● EXERCISE: Only the pictures are to be left out; return the rest of the data exactly as it stands.
##### DATA UNDER STUDY #####
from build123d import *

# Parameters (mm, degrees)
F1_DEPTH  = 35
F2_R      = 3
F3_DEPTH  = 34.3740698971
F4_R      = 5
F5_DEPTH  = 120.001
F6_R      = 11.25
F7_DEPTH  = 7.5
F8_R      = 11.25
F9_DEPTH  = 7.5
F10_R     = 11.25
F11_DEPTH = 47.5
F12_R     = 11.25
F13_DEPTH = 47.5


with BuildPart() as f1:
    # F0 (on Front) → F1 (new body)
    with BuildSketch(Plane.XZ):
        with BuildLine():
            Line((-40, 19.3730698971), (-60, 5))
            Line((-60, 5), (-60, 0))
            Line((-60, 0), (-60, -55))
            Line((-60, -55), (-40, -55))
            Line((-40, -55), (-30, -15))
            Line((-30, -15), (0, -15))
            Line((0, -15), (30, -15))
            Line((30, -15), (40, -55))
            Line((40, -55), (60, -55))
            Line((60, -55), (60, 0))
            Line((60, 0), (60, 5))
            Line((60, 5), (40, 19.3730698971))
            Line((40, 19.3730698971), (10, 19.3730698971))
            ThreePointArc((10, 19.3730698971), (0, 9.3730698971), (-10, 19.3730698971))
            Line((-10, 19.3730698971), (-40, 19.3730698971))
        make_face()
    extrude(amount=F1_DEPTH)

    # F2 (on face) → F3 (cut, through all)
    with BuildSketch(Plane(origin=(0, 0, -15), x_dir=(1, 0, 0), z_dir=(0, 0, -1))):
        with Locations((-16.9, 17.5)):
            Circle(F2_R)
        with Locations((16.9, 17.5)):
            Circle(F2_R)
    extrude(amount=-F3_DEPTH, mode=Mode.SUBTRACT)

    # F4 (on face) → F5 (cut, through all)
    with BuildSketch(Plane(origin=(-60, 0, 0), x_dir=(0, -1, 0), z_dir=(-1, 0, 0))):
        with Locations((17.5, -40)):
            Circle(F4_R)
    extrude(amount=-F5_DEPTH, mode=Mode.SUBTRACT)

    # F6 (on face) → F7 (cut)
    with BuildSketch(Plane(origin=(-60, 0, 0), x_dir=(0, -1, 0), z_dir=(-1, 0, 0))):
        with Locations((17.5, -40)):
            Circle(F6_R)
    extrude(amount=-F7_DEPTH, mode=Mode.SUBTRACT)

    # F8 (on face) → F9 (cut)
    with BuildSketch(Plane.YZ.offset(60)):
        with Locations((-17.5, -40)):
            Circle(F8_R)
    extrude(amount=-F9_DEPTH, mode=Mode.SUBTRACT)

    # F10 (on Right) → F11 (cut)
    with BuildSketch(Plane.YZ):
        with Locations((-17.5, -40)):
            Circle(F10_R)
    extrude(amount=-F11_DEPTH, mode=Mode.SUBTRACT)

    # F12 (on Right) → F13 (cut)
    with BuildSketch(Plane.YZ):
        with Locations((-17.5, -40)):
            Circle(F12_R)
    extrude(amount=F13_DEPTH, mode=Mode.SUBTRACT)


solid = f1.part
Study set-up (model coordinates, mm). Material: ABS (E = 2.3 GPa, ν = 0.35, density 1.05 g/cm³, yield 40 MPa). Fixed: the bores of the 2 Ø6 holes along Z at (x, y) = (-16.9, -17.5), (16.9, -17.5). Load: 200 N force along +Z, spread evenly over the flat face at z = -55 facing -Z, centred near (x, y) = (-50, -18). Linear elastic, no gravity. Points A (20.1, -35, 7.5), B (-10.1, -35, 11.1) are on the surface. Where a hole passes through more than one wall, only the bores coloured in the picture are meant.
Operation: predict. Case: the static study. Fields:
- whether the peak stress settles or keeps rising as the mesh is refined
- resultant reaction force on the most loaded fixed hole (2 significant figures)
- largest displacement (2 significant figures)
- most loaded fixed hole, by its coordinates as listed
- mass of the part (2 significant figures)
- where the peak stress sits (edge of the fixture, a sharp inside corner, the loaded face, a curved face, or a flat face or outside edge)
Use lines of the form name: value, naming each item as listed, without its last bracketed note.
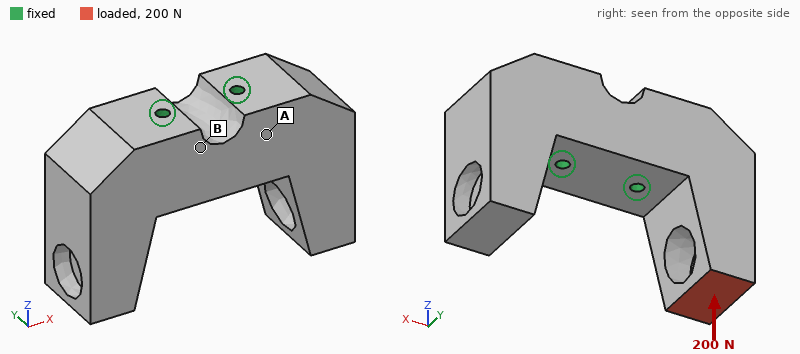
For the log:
whether the peak stress settles or keeps rising as the mesh is refined: keeps rising
resultant reaction force on the most loaded fixed hole: 230 N
largest displacement: 66 µm
most loaded fixed hole, by its coordinates as listed: (-16.9, -17.5)
mass of the part: 190 g
where the peak stress sits: edge of the fixture
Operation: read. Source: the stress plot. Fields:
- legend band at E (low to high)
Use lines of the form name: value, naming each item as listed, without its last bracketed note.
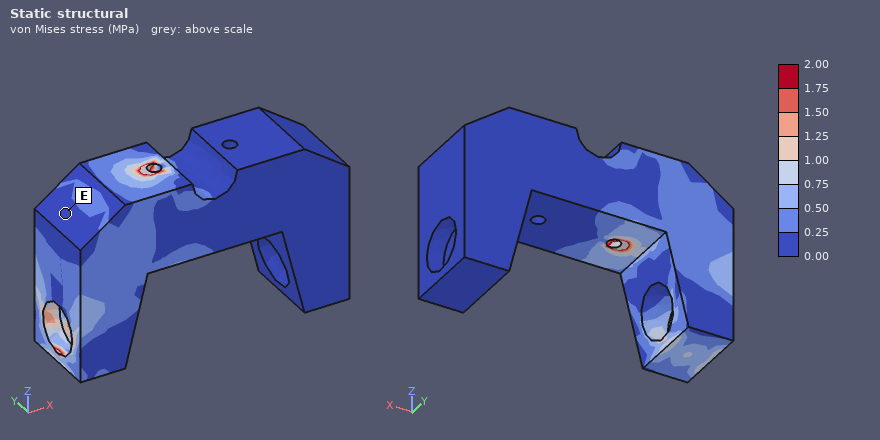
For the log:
legend band at E: 0.00 to 0.25 MPa
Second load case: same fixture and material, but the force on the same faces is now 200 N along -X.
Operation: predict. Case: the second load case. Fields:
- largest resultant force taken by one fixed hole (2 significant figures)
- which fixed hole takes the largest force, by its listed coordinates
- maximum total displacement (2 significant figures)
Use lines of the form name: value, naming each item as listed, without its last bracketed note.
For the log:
largest resultant force taken by one fixed hole: 150 N
which fixed hole takes the largest force, by its listed coordinates: (-16.9, -17.5)
maximum total displacement: 0.20 mm
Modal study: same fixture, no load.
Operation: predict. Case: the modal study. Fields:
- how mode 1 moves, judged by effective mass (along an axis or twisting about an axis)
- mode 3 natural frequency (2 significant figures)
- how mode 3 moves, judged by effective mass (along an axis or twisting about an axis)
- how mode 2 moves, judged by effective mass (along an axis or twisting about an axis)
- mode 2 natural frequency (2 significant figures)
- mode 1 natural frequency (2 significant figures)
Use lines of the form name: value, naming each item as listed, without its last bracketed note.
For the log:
how mode 1 moves, judged by effective mass: twisting about Z
mode 3 natural frequency: 1600 Hz
how mode 3 moves, judged by effective mass: along X
how mode 2 moves, judged by effective mass: along Y
mode 2 natural frequency: 1400 Hz
mode 1 natural frequency: 1300 Hz
#####
● ANSWER TO THIS EXERCISE:
from build123d import *

# Parameters (mm, degrees)
F1_DEPTH  = 35
F2_R      = 3
F3_DEPTH  = 34.3740698971
F4_R      = 5
F5_DEPTH  = 120.001
F6_R      = 11.25
F7_DEPTH  = 7.5
F8_R      = 11.25
F9_DEPTH  = 7.5
F10_R     = 11.25
F11_DEPTH = 47.5
F12_R     = 11.25
F13_DEPTH = 47.5


with BuildPart() as f1:
    # F0 (on Front) → F1 (new body)
    with BuildSketch(Plane.XZ):
        with BuildLine():
            Line((-40, 19.3730698971), (-60, 5))
            Line((-60, 5), (-60, 0))
            Line((-60, 0), (-60, -55))
            Line((-60, -55), (-40, -55))
            Line((-40, -55), (-30, -15))
            Line((-30, -15), (0, -15))
            Line((0, -15), (30, -15))
            Line((30, -15), (40, -55))
            Line((40, -55), (60, -55))
            Line((60, -55), (60, 0))
            Line((60, 0), (60, 5))
            Line((60, 5), (40, 19.3730698971))
            Line((40, 19.3730698971), (10, 19.3730698971))
            ThreePointArc((10, 19.3730698971), (0, 9.3730698971), (-10, 19.3730698971))
            Line((-10, 19.3730698971), (-40, 19.3730698971))
        make_face()
    extrude(amount=F1_DEPTH)

    # F2 (on face) → F3 (cut, through all)
    with BuildSketch(Plane(origin=(0, 0, -15), x_dir=(1, 0, 0), z_dir=(0, 0, -1))):
        with Locations((-16.9, 17.5)):
            Circle(F2_R)
        with Locations((16.9, 17.5)):
            Circle(F2_R)
    extrude(amount=-F3_DEPTH, mode=Mode.SUBTRACT)

    # F4 (on face) → F5 (cut, through all)
    with BuildSketch(Plane(origin=(-60, 0, 0), x_dir=(0, -1, 0), z_dir=(-1, 0, 0))):
        with Locations((17.5, -40)):
            Circle(F4_R)
    extrude(amount=-F5_DEPTH, mode=Mode.SUBTRACT)

    # F6 (on face) → F7 (cut)
    with BuildSketch(Plane(origin=(-60, 0, 0), x_dir=(0, -1, 0), z_dir=(-1, 0, 0))):
        with Locations((17.5, -40)):
            Circle(F6_R)
    extrude(amount=-F7_DEPTH, mode=Mode.SUBTRACT)

    # F8 (on face) → F9 (cut)
    with BuildSketch(Plane.YZ.offset(60)):
        with Locations((-17.5, -40)):
            Circle(F8_R)
    extrude(amount=-F9_DEPTH, mode=Mode.SUBTRACT)

    # F10 (on Right) → F11 (cut)
    with BuildSketch(Plane.YZ):
        with Locations((-17.5, -40)):
            Circle(F10_R)
    extrude(amount=-F11_DEPTH, mode=Mode.SUBTRACT)

    # F12 (on Right) → F13 (cut)
    with BuildSketch(Plane.YZ):
        with Locations((-17.5, -40)):
            Circle(F12_R)
    extrude(amount=F13_DEPTH, mode=Mode.SUBTRACT)


solid = f1.part
Study set-up (model coordinates, mm). Material: ABS (E = 2.3 GPa, ν = 0.35, density 1.05 g/cm³, yield 40 MPa). Fixed: the bores of the 2 Ø6 holes along Z at (x, y) = (-16.9, -17.5), (16.9, -17.5). Load: 200 N force along +Z, spread evenly over the flat face at z = -55 facing -Z, centred near (x, y) = (-50, -18). Linear elastic, no gravity. Points A (20.1, -35, 7.5), B (-10.1, -35, 11.1) are on the surface. Where a hole passes through more than one wall, only the bores coloured in the picture are meant.
Operation: predict. Case: the static study. Fields:
- whether the peak stress settles or keeps rising as the mesh is refined
- resultant reaction force on the most loaded fixed hole (2 significant figures)
- largest displacement (2 significant figures)
- most loaded fixed hole, by its coordinates as listed
- mass of the part (2 significant figures)
- where the peak stress sits (edge of the fixture, a sharp inside corner, the loaded face, a curved face, or a flat face or outside edge)
Use lines of the form name: value, naming each item as listed, without its last bracketed note.
For the log:
whether the peak stress settles or keeps rising as the mesh is refined: keeps rising
resultant reaction force on the most loaded fixed hole: 230 N
largest displacement: 66 µm
most loaded fixed hole, by its coordinates as listed: (-16.9, -17.5)
mass of the part: 190 g
where the peak stress sits: edge of the fixture
Operation: read. Source: the stress plot. Fields:
- legend band at E (low to high)
Use lines of the form name: value, naming each item as listed, without its last bracketed note.
For the log:
legend band at E: 0.00 to 0.25 MPa
Second load case: same fixture and material, but the force on the same faces is now 200 N along -X.
Operation: predict. Case: the second load case. Fields:
- largest resultant force taken by one fixed hole (2 significant figures)
- which fixed hole takes the largest force, by its listed coordinates
- maximum total displacement (2 significant figures)
Use lines of the form name: value, naming each item as listed, without its last bracketed note.
For the log:
largest resultant force taken by one fixed hole: 150 N
which fixed hole takes the largest force, by its listed coordinates: (-16.9, -17.5)
maximum total displacement: 0.20 mm
Modal study: same fixture, no load.
Operation: predict. Case: the modal study. Fields:
- how mode 1 moves, judged by effective mass (along an axis or twisting about an axis)
- mode 3 natural frequency (2 significant figures)
- how mode 3 moves, judged by effective mass (along an axis or twisting about an axis)
- how mode 2 moves, judged by effective mass (along an axis or twisting about an axis)
- mode 2 natural frequency (2 significant figures)
- mode 1 natural frequency (2 significant figures)
Use lines of the form name: value, naming each item as listed, without its last bracketed note.
For the log:
how mode 1 moves, judged by effective mass: twisting about Z
mode 3 natural frequency: 1600 Hz
how mode 3 moves, judged by effective mass: along X
how mode 2 moves, judged by effective mass: along Y
mode 2 natural frequency: 1400 Hz
mode 1 natural frequency: 1300 Hz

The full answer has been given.